There will be a new engine designer, however, with more header choices, more sliders and more parameters**, we will have a more accurate (I cannot say how much though, as the engine designer revamp is not implement yet, and I am not a dev) and more flexible engine designer.

Heyya!
Thank you very much for the well-sourced feedback, that is helpful. Let me address some of your main points.

OHV maximum RPM speed is really slow

I think you are referencing solid lifter setups, which of course do rev a lot higher, those are not the one in game though.

cost is very high exceeding DOHC 4 valves

I can’t confirm that at all. In an example engine I have $620 material cost for DOHC-4, $566 for OHV. 22.5 production units vs. 15.5 and 35.8 months engineering time vs. 24.7. The pushrod engine will be A LOT cheaper to produce and engineer. Maybe you are playing the Kee engine version and reference MOHV? That has been removed from the game in the UE4 version. For that the material costs were higher due to the fancy materials used for the valvetrain of modern LS motors.
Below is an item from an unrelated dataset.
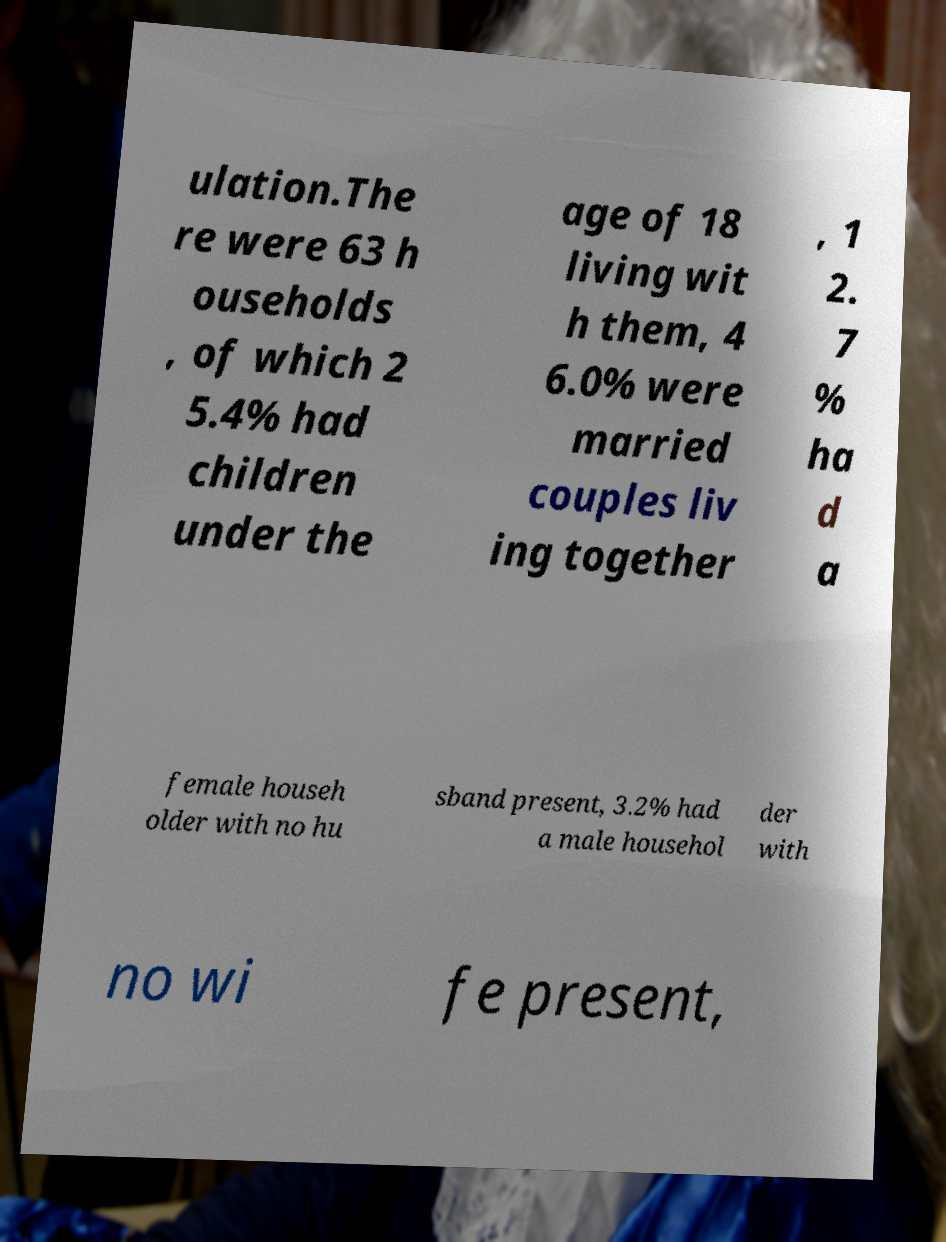Can you read and provide the text displayed in the image?This photo seems to have some interesting text. Can you extract and type it out for me? ulation.The re were 63 h ouseholds , of which 2 5.4% had children under the age of 18 living wit h them, 4 6.0% were married couples liv ing together , 1 2. 7 % ha d a female househ older with no hu sband present, 3.2% had a male househol der with no wi fe present, 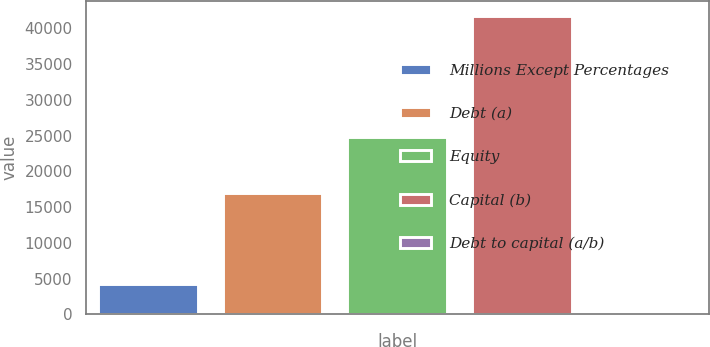<chart> <loc_0><loc_0><loc_500><loc_500><bar_chart><fcel>Millions Except Percentages<fcel>Debt (a)<fcel>Equity<fcel>Capital (b)<fcel>Debt to capital (a/b)<nl><fcel>4216.45<fcel>16944<fcel>24856<fcel>41800<fcel>40.5<nl></chart>

octane rating is very high

Yes, and compared to other engines it should be due to the less optimized path the air fuel mixture has to take to get into the combustion chamber. That is an OHV and DAOHC issue. If the compression ratios overall are too low is arguable though.

Please note that because of American automotive history, they are obsessed with OHV engines and their tech does NOT reflect the norm. In order to build anything American style, assume that you need to put about +10 quality into the top end section. That is about where the US manufacturers were in the 60s with their OHV setups.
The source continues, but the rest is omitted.